Kalaupun negara terdesak untuk memperoleh pemasukan, bukankah ada banyak kebijakan fiskal yang tidak mengorbankan hak atas pangan masyarakat? Misalnya, bukankah pemerintah dapat mengenakan pajak berupa pajak barang impor/tarif impor yang malah akan lebih melindungi produsen pangan skala kecil dalam negeri secara khusus, dan hak atas pangan masyarakat secara umum?
Oleh karena itu, FIAN Indonesia dan KRKP mendesak pemerintah untuk:
Meninjau ulang dan atau membatalkan draf RUU perpajakan yang telah diajukan ke DPR RI karena dapat menghambat terpenuhinya hak atas pangan masyarakat, terutama kelompok rentan. Dan terabaikannya pemenuhan hak atas pangan adalah bentuk pelanggaran hak asasi manusia oleh negara.

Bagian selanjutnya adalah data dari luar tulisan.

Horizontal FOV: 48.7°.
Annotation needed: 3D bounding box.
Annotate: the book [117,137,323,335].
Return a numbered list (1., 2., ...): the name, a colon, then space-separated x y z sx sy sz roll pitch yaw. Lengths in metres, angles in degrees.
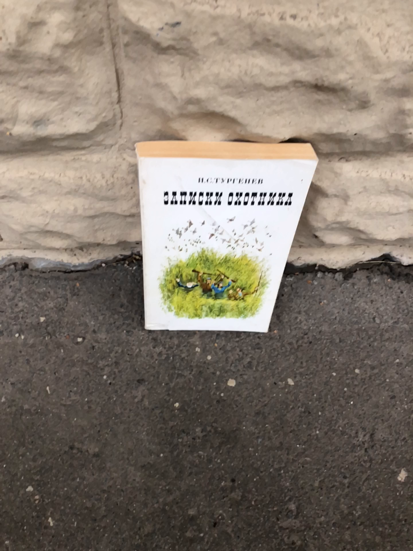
1. book: 0.005 -0.020 0.377 0.137 0.183 0.032 0 45 -3

Penguatan pendapatan negara tidak bisa dan tidak boleh dilakukan dengan melanggar hak dasar setiap warga negara dan berdasar asas keadilan. Alih-alih menempatkan kelompok rentan pada situasi yang sulit, justru pemerintah perlu memastikan pemasukan pajak lebih besar, terutama dari kelompok mampu.
Mengalihkan usaha menjunjung keadilan ke kebijakan lain yang lebih berfokus pada kedaulatan petani dan pemenuhan hak atas pangan masyarakat, seperti tarif impor, insentif untuk produsen pangan dalam negeri, pemerataan pendapatan, dan pemerataan perlindungan sosial.